As per the National Health Service(NHS) guidelines, pregnant women should avoid fish such as shark, sword fish,king mackerel or tilefish because of high traces mercury found in them which may effect the overall development of the infant’s nervous system.
Fish which are low in mercury such as shrimp, canned light tuna, salmon, pollock and catfish can be consumed for lowering the anxiety levels. Not more than 12 ounces(approx 28 grams) per week is recommended.
The researchers advised the pregnant women to limit the consumption of certain kinds of fish while fish such as cod and plaice need not have any limits. The pregnant women should limit the consumption of oily fish such as salmon and mackerel to no more than 2 portions per week, along with non-oily fish such as sea bass.

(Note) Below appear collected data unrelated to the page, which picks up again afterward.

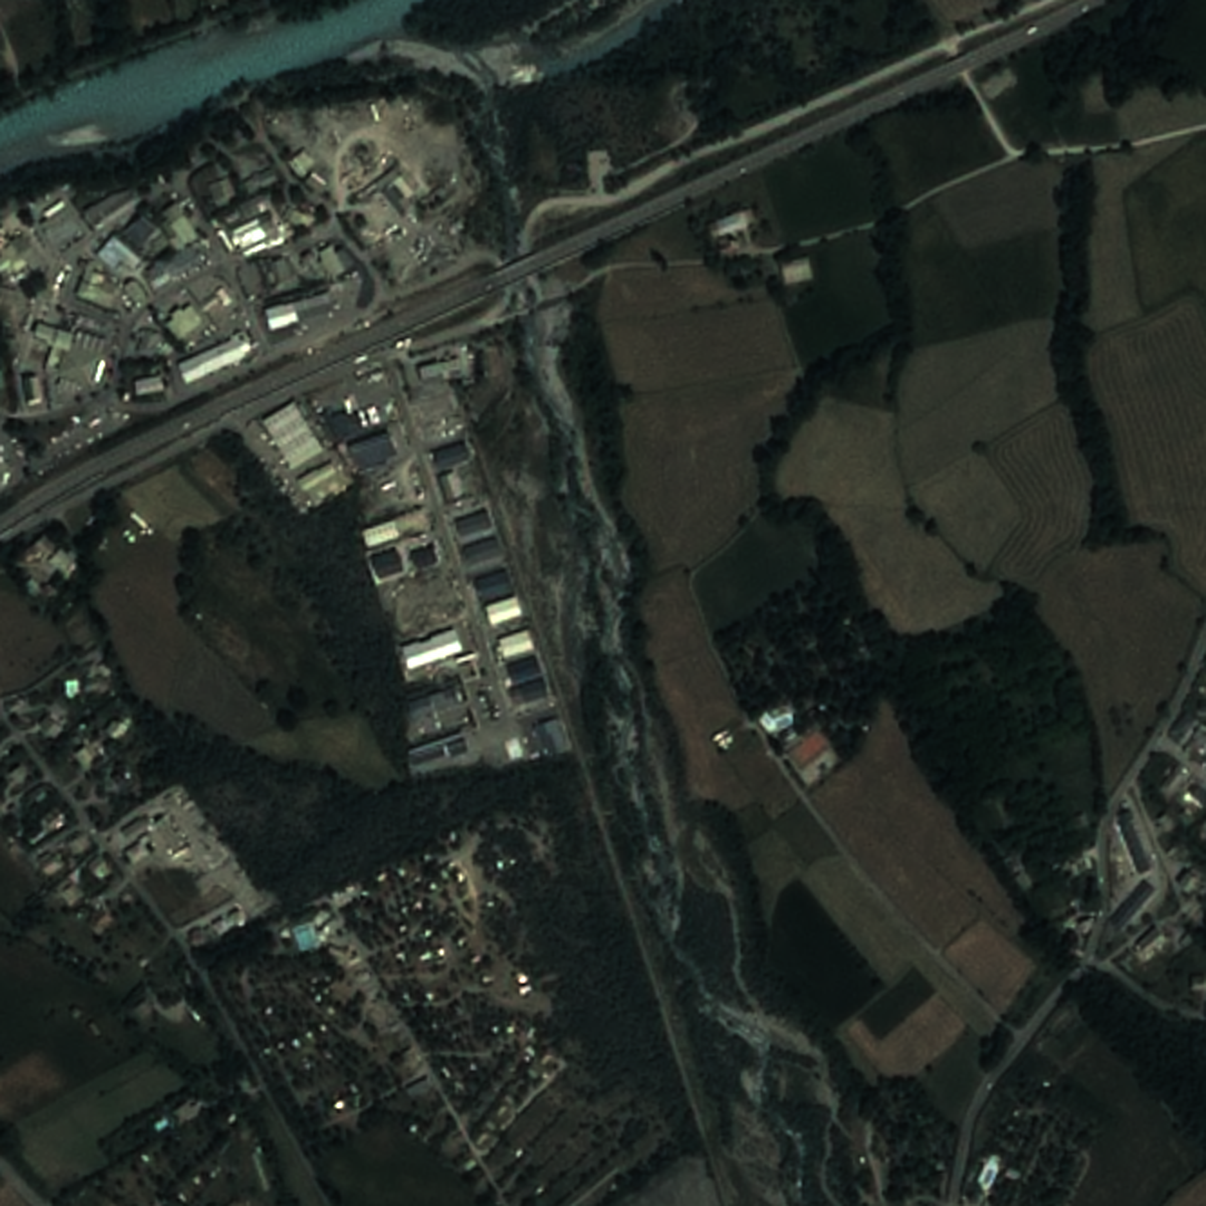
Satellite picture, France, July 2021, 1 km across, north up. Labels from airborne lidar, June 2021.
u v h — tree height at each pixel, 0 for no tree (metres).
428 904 8
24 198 15
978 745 21
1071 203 21
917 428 0
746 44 22
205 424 0
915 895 0
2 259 0
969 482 0
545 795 8
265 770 10
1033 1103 5
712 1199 0
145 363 12
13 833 6
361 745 0
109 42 20
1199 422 0
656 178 0
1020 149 0
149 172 12
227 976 7
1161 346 0
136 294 0
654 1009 8
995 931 0
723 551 0
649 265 0
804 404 19
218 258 0
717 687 0
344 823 8
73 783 0
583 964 7
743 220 0
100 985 6
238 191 8
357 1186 0
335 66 11
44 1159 0
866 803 0
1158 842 0
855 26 19
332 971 10
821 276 0
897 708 9
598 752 8
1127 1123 0
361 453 0
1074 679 12
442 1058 7
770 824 0
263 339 0
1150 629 0
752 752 0
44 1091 0
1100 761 6
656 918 8
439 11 12
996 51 0
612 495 9
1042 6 0
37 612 9
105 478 0
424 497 0
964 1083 0
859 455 0
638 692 7
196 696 0
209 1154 9
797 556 0
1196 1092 6
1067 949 10
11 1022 0
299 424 0
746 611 0
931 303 0
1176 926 0
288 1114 11
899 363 8
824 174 0
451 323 0
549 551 0
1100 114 0
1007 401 0
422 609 0
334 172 0
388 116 0
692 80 16
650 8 0
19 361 0
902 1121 7
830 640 11
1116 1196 0
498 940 6
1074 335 16
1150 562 0
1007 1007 0
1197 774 0
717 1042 6
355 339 0
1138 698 0
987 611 0
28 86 9
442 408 0
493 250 0
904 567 0
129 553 0
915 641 13
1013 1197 6
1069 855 11
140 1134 6
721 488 0
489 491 0
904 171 0
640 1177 16
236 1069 9
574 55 0
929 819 0
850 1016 0
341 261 0
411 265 0
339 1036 8
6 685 0
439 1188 0
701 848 0
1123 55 18
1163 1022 7
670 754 5
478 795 9
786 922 0
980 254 0
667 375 0
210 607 0
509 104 6
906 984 0
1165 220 0
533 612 0
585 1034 9
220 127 14
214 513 0
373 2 0
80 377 0
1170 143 0
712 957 6
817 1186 6
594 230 0
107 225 0
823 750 0
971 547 0
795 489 0
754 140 0
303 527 6
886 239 7
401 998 6
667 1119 6
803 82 18
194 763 8
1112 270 0
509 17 9
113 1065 0
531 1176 8
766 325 0
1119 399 0
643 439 0
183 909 0
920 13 20
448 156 0
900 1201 11
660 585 0
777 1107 8
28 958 0
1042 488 0
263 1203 0
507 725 0
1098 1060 0
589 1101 6
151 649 0
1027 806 9
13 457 0
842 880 0
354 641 9
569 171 8
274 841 7
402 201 0
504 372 0
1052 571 0
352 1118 0
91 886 6
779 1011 5
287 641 0
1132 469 0
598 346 9
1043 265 0
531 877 7
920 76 0
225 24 12
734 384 0

Drl Juliana Vaz, senior author of the report said, “In order to have a healthy pregnancy, women need to follow a healthy diet and not something special for pregnancy,”.
“It means a diet containing whole cereals, vegetables, salad, fruit, dairy foods, meat, poultry, pulses and including fish – three portions per week with at least one of oily fish, such as salmon, sardine or tuna.”
Study co-author Pauline Emmet told Psych Central said, “It is possible, but not proved, that this association with fish is due to the omega-3 fatty acid content of the fish.”
“Some vegetarians are happy to eat fish from time to time and we would encourage this, especially as we are not sure what ingredient in fish is the most effective.”
The study was recently published in PLOS ONE.